TechBytes with Alex Wright, Head of Insight, Blis

In the digital world, data is the new oil. Segmentation and acquiring the right datasets are critical to the success of omnichannel marketing campaigns. We spoke to Alex Wright, Head of Insights, Blis, to understand how data is verified and the criticality of location data in marketing attribution.

Tell us about your role at Blis and the team/technology you handle

My role as Head of Insight is to take the huge volumes of data we collect, understand its origins, use it to test hypotheses or challenge preconceptions, and turn it into a tangible story that answers a brand’s questions and contributes to how they solve their business problems.

This role didn’t formally exist at Blis before I joined the company, so firstly I needed to understand what the business is about, where it fits into the location mobile ecosystem, where mobile location fits within the mobile ecosystem, and where mobile fits into the wider media context. I want to find the best way to portray our qualities and the unique work that Blis does.

Prior to Blis, I worked on the Google account at a media agency, which was my first step into digital media.

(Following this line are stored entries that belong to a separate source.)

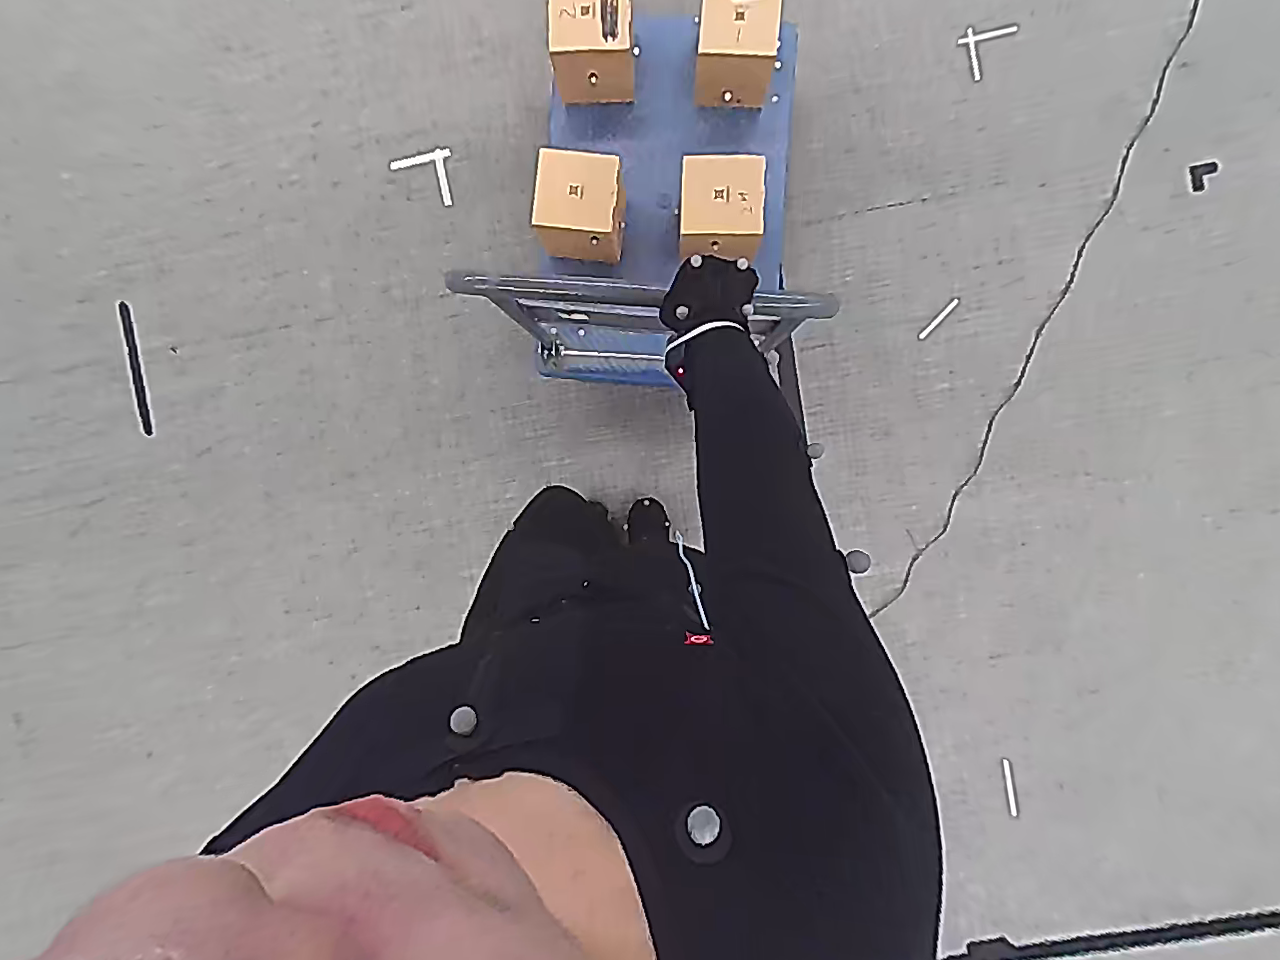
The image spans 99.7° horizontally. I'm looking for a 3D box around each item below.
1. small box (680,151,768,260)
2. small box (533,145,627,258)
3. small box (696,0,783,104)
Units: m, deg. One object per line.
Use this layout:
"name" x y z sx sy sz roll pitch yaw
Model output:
"small box" 0.180 -0.602 1.203 0.179 0.176 0.168 2 92 3
"small box" -0.128 -0.619 1.220 0.179 0.176 0.168 6 91 1
"small box" 0.215 -0.977 1.193 0.168 0.176 0.179 5 93 3
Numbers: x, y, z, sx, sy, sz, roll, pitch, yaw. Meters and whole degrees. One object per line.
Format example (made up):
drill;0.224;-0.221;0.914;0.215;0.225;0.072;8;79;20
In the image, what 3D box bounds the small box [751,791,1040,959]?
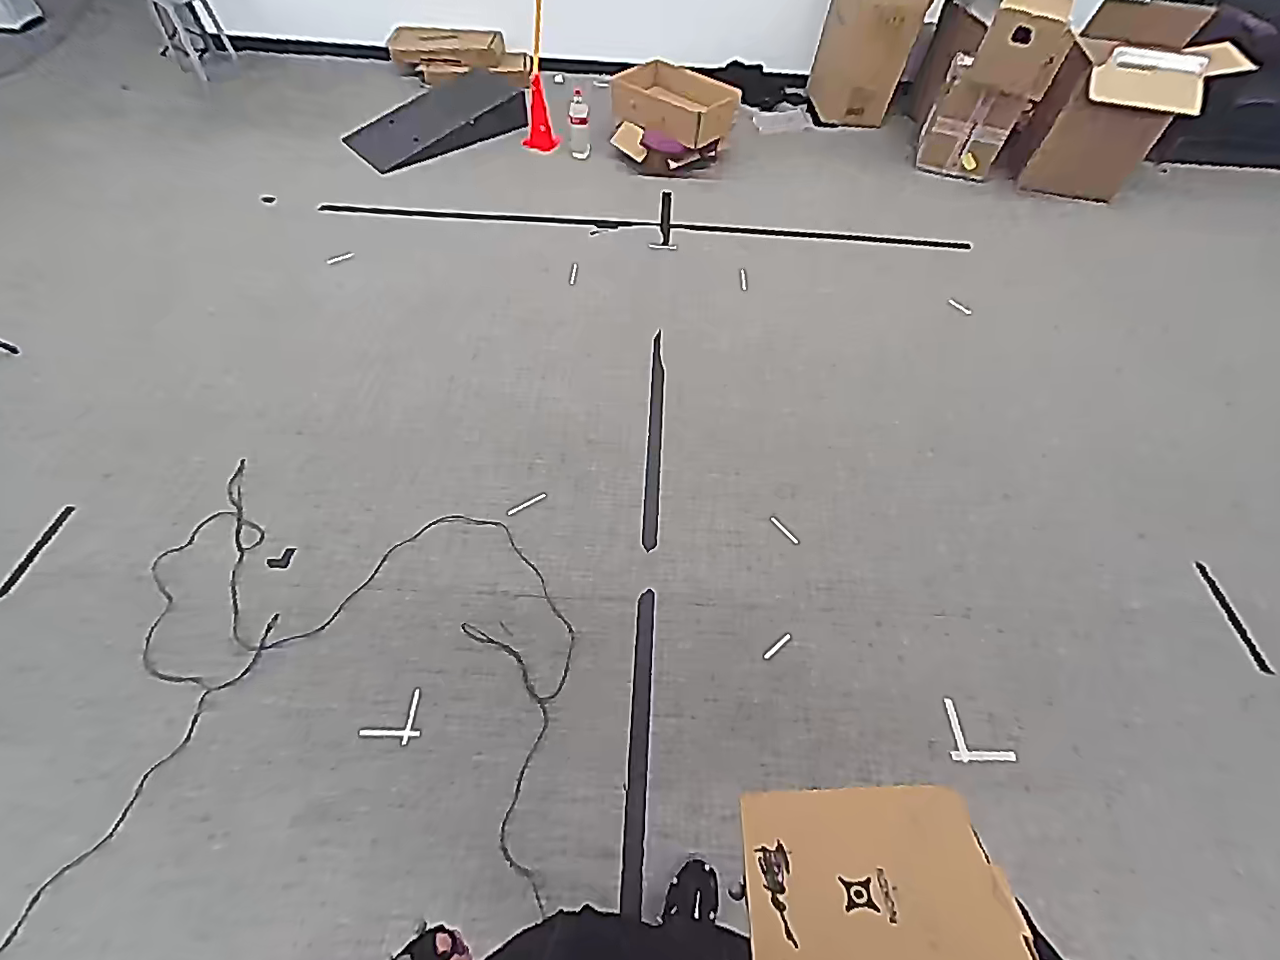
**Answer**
small box;0.185;0.374;0.417;0.179;0.176;0.168;-7;20;9

I learned there that the real challenge is to keep up rather than catch up (which seemed like a convenient viewpoint!), but more importantly that the digital ‘exhaust fumes’ of people’s natural behavior create a lot of passive information we can use to better understand them.

At Blis, how do you verify the authenticity of data? How does it impact your ability to build better products for marketing technology companies?

We capture data via GPS, wifi, and beacons and pass it through our quality control technology to filter out inaccurate and fraudulent points, meaning that we’re only working with sources we can trust. With 50-70% of GPS data being inaccurate, these publishers need to be removed which leaves the data sets at a fraction of the size with the need to be scaled up again in order to identify actionable insights. Want we do is use verified GPS data and then scale it out to public wifi. With our level of accuracy and CPV model, brands are getting the best of location-based services by using Blis.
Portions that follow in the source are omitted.